2007-08-07 17:08:33

by Daniel Walker

[permalink] [raw]
Subject: Re: Hang on 8-way with 2.6.23-rc2-rt2

On Mon, 2007-08-06 at 15:07 -0400, Gregory Haskins wrote:
> Hi Ingo,
> I think there is a latent race condition somewhere in the code. We
> find that -rt works on our 4-way (and under) systems, but have problems
> on our 8-ways.
>
> If you run without nmi_watchdog, the system will sometimes boot (but
> very very very slow), and sometimes it will softlockup. If you turn on
> nmi_watchdog, the system detects a hang (probably at the point where the
> system gets really slow without it). We notice no problems on the
> 4-ways.
>
> The system where we can reproduce this is a Dell 690 with Dual 2Ghz
> Quad-core Xeon 5335s. I've attached some relevant info. Let me know if
> you need more.

Could you drop the following config options and test again?

#
# Processor type and features
#
CONFIG_TICK_ONESHOT=y
CONFIG_NO_HZ=y
CONFIG_HIGH_RES_TIMERS=y

(btw, added LKML to the CC list ..)

Daniel


2007-08-07 17:30:00

by Gregory Haskins

[permalink] [raw]
Subject: Re: Hang on 8-way with 2.6.23-rc2-rt2

On Tue, 2007-08-07 at 10:03 -0700, Daniel Walker wrote:

> Could you drop the following config options and test again?
>
> #
> # Processor type and features
> #
> CONFIG_TICK_ONESHOT=y
> CONFIG_NO_HZ=y
> CONFIG_HIGH_RES_TIMERS=y
>

Will do.

I have a patch which works around the issue too, which I will forward
momentarily.
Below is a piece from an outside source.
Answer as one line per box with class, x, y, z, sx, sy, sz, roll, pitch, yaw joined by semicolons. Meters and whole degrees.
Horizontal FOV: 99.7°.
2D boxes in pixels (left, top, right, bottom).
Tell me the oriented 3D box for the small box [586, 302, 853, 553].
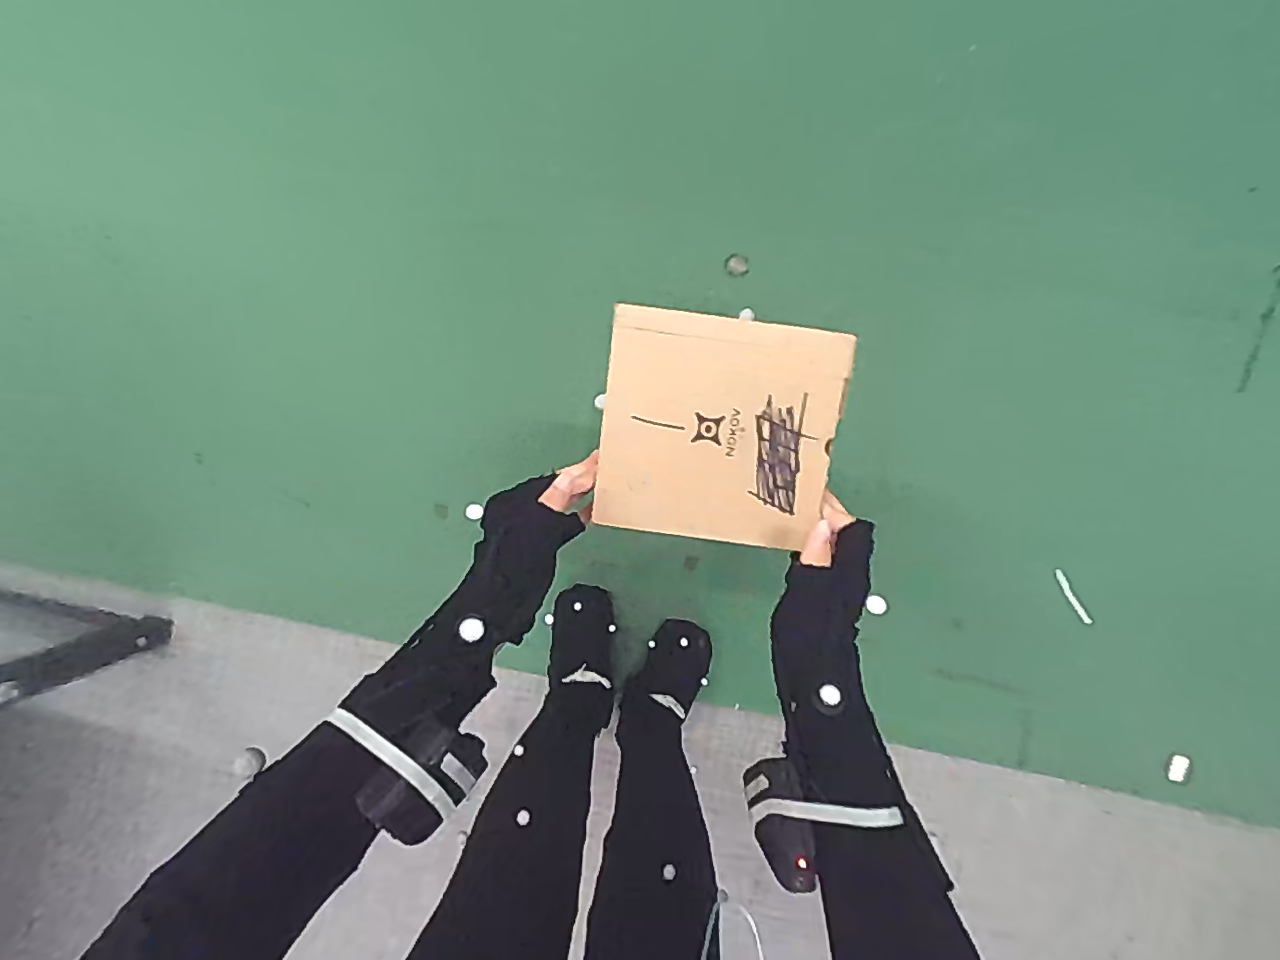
small box;0.058;-0.048;0.487;0.179;0.176;0.168;11;98;-1

It appears as though there is a deadlock either between
two task_rq_locks, or between a task_rq_lock and something else. The
patch I wrote changes the "double_lock_balance()" function to a full DP
algorithm under contention. Technically I think the original
implementation was correct which is why my patch is really a workaround:
I think its just plastering over the real issue. But in any case, the
8-way system is no longer slow and no longer nmi_watchdog/softlockups on
me(*). Perhaps it will at least help in finding the root cause.

Regards,
-Greg

(*) There are still issues on the 8-way once we get passed this
scheduler problem, however.